PROVIDED ENTRIES section start

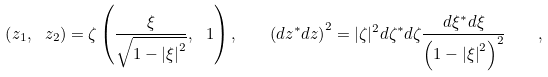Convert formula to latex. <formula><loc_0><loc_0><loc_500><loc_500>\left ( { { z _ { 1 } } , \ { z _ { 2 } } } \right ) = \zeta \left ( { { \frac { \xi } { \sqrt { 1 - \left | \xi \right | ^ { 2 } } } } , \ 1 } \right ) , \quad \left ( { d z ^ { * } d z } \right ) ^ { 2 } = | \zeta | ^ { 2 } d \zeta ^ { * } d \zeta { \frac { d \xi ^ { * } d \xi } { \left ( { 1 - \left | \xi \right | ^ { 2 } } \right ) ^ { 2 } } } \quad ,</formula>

PROVIDED ENTRIES section end
PROVIDED ENTRIES section start

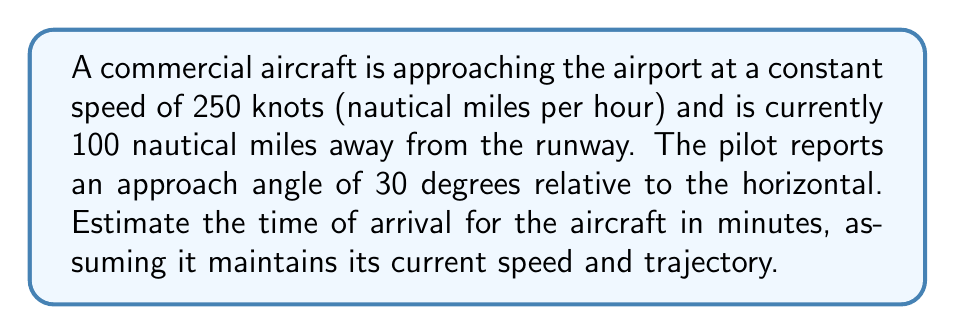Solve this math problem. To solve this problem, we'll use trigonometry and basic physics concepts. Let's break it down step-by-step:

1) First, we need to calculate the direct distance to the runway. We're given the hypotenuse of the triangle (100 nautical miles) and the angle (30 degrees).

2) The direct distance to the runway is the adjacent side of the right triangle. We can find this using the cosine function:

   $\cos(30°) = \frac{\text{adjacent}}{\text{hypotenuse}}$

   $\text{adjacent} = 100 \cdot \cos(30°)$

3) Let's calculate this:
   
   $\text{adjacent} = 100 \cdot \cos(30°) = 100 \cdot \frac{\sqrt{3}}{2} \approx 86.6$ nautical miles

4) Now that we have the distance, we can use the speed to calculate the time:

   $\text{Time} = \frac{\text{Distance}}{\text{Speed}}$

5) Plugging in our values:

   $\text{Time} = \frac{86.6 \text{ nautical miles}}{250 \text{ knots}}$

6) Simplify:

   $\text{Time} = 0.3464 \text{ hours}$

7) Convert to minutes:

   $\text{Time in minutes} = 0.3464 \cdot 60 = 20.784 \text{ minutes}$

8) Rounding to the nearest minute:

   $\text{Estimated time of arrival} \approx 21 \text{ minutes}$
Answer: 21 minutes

PROVIDED ENTRIES section end
PROVIDED ENTRIES section start

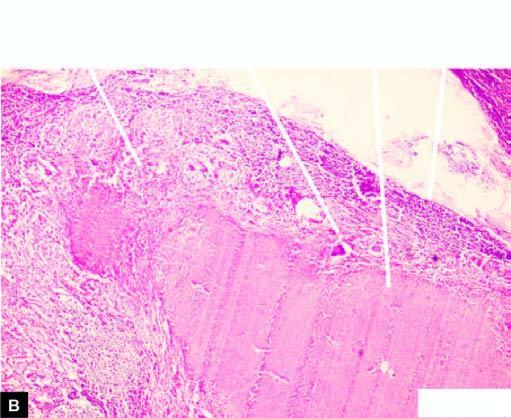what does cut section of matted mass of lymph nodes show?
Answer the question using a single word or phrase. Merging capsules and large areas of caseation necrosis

PROVIDED ENTRIES section end

# WHAT YOU ARE ASKED TO DO
Check each line of the material for the string "runway", then state how many lines have it and nothing more.

# ANSWER
2